Fly to the Angels by Slaughter


----------



## FREON (Jun 14, 2005)

One Six Pack To Go


----------



## Nwilkins (Jan 18, 2009)

I can only imagine by Mercy Me


----------



## Bill Fisher (Apr 12, 2006)

for me it'd be Prine......

*Please Don't Bury Me*
Woke up this morning
Put on my slippers
Walked in the kitchen and died
And oh what a feeling!
When my soul
Went thru the ceiling
And on up into heaven I did ride
When I got there they did say
John, it happened this way
You slipped upon the floor
And hit your head
And all the angels say
Just before you passed away
These were the very last words
That you said:

Chorus:

Please don't bury me
Down in that cold cold ground
No, I'd druther have "em" cut me up
And pass me all around
Throw my brain in a hurricane
And the blind can have my eyes
And the deaf can take both of my ears
If they don't mind the size
Give my stomach to Milwaukee
If they run out of beer
Put my socks in a cedar box
Just get "em" out of here
Venus de Milo can have my arms
Look out! I've got your nose
Sell my heart to the junkman
And give my love to Rose

Repeat Chorus

Give my feet to the footloose
Careless, fancy free
Give my knees to the needy
Don't pull that stuff on me
Hand me down my walking cane
It's a sin to tell a lie
Send my mouth way down south
And kiss my *** goodbye

Repeat Chorus
​for the wife it'd be norman greenbaum........

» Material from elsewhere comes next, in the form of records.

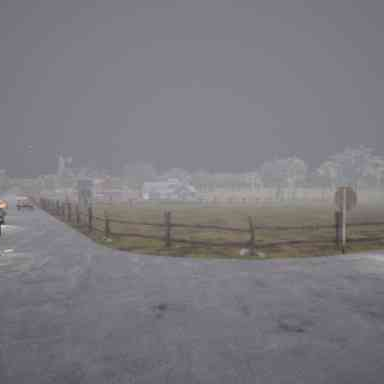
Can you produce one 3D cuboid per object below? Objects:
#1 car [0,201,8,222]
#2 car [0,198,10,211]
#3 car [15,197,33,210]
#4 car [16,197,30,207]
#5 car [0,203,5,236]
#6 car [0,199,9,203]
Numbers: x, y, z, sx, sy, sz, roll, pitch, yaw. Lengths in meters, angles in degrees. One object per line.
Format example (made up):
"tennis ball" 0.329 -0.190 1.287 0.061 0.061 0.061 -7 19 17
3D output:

When I die and they lay me to rest
Gonna go to the place that's the best
When I lay me down to die
Goin' up to the spirit in the sky
Goin' up to the spirit in the sky
That's where I'm gonna go when I die
When I die and they lay me to rest
Gonna go to the place that's the best

Prepare yourself you know it's a must
Gotta have a friend in Jesus
So you know that when you die
He's gonna recommend you
To the spirit in the sky
Gonna recommend you
To the spirit in the sky
That's where you're gonna go when you die
When you die and they lay you to rest
You're gonna go to the place that's the best

Never been a sinner I never sinned
I got a friend in Jesus
So you know that when I die
He's gonna set me up with
The spirit in the sky
Oh set me up with the spirit in the sky
That's where I'm gonna go when I die
When I die and they lay me to rest
I'm gonna go to the place that's the best
Go to the place that's the best


----------



## birdnester (May 21, 2004)

What?....nobody wants Dust in the Wind?


----------



## 10RBetter (Jan 4, 2008)

Highwayman- Ghost Riders


----------



## Great White One (Oct 8, 2008)

Simple Man - Lynyrd Skynyrd


----------



## SURF Buster (Feb 17, 2008)

Jackson Brown-Doctor My Eyes


----------



## Brokejeep (Oct 12, 2008)




----------



## rat race (Aug 10, 2006)

For me "Do You Feel Like I DO" Peter Frampton

For the Wife "Crazy" Pat Green (our song)

For the ex-wife "ding dong the witch is dead" from the wizard of Oz 


RR


----------



## FLAT FISHY (Jun 22, 2006)

Johhnny Bush , one fool on a stool


----------



## seachaser1 (Mar 17, 2008)

A Pirate Looks at 40, or Son of a Son of a Sailor

Jimmy would find the party on either side!!!!


----------



## mudhog (May 9, 2005)

I close my eyes, only for a moment, and the moment's gone
All my dreams, pass before my eyes, a curiosity
Dust in the wind, all they are is dust in the wind.
Same old song just a drop of water in an endless sea
All we do, crumbles to the ground, though we refuse to see

Dust in the wind, all we are is dust in the wind

[Now] Don't hang on, nothing lasts forever but the earth and sky
It slips away, and all your money won't another minute buy.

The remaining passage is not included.